* EXERCISE PROMPT *
The line with "Clear Error" marks where to begin. Please copy it and each line after it to the end of the records below, exactly.

--- THE RECORDS Enclosed Below ---

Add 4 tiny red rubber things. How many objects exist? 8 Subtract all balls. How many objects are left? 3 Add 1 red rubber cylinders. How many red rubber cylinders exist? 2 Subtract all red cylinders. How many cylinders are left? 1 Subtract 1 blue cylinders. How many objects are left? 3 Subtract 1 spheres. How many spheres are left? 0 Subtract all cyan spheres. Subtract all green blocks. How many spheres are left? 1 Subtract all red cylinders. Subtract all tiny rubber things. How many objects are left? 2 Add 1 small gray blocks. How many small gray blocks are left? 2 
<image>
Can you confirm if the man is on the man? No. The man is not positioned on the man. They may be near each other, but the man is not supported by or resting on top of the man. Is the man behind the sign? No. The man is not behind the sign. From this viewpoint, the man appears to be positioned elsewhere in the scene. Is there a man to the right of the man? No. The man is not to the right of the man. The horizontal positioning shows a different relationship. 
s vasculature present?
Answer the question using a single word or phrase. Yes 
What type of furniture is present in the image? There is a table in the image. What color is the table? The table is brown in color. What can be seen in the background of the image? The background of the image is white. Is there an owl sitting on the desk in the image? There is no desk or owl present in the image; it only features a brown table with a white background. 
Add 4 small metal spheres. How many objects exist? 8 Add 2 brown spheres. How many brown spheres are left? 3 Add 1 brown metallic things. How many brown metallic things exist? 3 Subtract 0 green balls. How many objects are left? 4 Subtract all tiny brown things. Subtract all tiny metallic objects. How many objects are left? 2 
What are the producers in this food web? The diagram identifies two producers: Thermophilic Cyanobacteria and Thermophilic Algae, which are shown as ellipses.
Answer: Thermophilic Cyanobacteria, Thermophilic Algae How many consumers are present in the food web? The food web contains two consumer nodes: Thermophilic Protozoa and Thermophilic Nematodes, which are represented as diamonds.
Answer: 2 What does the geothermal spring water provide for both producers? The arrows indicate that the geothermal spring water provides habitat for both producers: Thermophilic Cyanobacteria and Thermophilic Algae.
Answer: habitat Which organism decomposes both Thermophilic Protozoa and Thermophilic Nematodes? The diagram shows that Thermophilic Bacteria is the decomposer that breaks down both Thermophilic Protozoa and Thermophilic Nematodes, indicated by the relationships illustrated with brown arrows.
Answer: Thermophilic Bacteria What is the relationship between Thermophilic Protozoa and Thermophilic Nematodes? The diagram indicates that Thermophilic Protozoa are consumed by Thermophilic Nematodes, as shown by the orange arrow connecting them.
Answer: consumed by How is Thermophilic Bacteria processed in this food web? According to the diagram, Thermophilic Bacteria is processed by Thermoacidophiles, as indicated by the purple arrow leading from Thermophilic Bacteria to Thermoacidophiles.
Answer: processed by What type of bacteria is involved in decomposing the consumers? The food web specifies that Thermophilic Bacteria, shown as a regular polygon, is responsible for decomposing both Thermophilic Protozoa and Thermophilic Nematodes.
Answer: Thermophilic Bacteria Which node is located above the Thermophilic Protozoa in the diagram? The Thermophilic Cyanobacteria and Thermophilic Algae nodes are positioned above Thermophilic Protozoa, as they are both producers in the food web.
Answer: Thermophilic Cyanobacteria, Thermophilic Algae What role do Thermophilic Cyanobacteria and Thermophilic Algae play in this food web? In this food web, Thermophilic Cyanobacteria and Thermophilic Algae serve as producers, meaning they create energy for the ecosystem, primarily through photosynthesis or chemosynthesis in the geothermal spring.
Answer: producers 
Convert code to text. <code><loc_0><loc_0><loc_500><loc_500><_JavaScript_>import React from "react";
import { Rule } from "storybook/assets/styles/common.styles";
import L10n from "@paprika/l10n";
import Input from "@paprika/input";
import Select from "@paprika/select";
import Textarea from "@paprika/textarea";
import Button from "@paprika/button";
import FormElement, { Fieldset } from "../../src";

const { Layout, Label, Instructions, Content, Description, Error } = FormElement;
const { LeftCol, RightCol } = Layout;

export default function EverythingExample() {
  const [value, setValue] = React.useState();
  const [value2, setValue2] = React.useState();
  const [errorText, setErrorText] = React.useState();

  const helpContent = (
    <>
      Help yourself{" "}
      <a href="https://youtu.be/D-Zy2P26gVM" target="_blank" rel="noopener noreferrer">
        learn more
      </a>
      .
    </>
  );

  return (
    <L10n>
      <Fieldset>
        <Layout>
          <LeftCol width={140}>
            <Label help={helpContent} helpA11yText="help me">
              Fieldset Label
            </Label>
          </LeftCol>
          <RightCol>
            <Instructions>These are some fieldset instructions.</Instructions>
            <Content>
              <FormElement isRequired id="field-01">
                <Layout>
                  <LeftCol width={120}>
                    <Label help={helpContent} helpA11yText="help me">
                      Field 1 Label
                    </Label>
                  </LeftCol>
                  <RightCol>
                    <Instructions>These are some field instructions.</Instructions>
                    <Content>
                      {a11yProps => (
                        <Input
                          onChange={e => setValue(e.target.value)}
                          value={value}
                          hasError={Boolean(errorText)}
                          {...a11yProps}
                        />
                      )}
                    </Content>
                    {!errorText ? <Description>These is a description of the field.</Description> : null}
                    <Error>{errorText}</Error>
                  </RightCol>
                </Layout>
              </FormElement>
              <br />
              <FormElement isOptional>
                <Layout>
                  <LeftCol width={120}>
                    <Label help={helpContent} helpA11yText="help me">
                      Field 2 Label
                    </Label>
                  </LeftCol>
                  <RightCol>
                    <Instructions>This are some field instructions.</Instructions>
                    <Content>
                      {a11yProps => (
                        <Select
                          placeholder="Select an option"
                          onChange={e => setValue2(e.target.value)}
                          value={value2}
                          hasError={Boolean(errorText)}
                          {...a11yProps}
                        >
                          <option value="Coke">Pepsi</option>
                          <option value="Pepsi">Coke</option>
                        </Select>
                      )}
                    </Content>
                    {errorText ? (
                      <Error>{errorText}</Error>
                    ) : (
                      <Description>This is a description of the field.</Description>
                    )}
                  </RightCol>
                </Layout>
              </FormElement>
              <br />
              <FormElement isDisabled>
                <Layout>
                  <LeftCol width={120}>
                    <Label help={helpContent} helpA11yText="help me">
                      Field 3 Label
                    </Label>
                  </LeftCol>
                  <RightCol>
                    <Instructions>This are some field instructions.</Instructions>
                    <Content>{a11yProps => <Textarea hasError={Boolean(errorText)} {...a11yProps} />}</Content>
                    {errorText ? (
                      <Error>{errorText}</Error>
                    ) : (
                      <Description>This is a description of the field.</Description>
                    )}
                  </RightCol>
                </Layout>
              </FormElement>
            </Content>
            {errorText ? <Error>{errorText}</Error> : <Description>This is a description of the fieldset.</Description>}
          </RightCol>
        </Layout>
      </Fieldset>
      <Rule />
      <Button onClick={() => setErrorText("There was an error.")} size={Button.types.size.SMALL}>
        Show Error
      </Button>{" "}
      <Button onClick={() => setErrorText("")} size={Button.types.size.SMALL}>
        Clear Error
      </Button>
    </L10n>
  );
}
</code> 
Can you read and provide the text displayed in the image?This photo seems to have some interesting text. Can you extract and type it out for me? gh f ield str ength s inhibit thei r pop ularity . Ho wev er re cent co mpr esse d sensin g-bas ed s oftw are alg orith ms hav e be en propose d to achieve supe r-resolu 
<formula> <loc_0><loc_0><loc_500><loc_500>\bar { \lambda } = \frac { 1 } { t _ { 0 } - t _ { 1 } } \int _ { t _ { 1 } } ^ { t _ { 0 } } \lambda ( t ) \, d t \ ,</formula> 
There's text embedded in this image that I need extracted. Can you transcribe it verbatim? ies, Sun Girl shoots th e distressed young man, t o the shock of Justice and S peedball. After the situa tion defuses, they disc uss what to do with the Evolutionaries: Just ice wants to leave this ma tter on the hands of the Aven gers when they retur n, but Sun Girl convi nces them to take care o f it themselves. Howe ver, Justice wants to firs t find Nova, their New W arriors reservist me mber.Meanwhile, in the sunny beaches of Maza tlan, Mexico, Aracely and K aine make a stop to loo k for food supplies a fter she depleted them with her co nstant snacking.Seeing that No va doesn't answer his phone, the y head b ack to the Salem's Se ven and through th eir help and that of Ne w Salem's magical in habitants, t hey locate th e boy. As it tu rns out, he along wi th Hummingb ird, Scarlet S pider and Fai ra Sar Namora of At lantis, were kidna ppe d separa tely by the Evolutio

--- End of Enclosed THE RECORDS ---

* RESPONSE AREA *
        Clear Error
      </Button>
    </L10n>
  );
}
</code> 
Can you read and provide the text displayed in the image?This photo seems to have some interesting text. Can you extract and type it out for me? gh f ield str ength s inhibit thei r pop ularity . Ho wev er re cent co mpr esse d sensin g-bas ed s oftw are alg orith ms hav e be en propose d to achieve supe r-resolu 
<formula> <loc_0><loc_0><loc_500><loc_500>\bar { \lambda } = \frac { 1 } { t _ { 0 } - t _ { 1 } } \int _ { t _ { 1 } } ^ { t _ { 0 } } \lambda ( t ) \, d t \ ,</formula> 
There's text embedded in this image that I need extracted. Can you transcribe it verbatim? ies, Sun Girl shoots th e distressed young man, t o the shock of Justice and S peedball. After the situa tion defuses, they disc uss what to do with the Evolutionaries: Just ice wants to leave this ma tter on the hands of the Aven gers when they retur n, but Sun Girl convi nces them to take care o f it themselves. Howe ver, Justice wants to firs t find Nova, their New W arriors reservist me mber.Meanwhile, in the sunny beaches of Maza tlan, Mexico, Aracely and K aine make a stop to loo k for food supplies a fter she depleted them with her co nstant snacking.Seeing that No va doesn't answer his phone, the y head b ack to the Salem's Se ven and through th eir help and that of Ne w Salem's magical in habitants, t hey locate th e boy. As it tu rns out, he along wi th Hummingb ird, Scarlet S pider and Fai ra Sar Namora of At lantis, were kidna ppe d separa tely by the Evolutio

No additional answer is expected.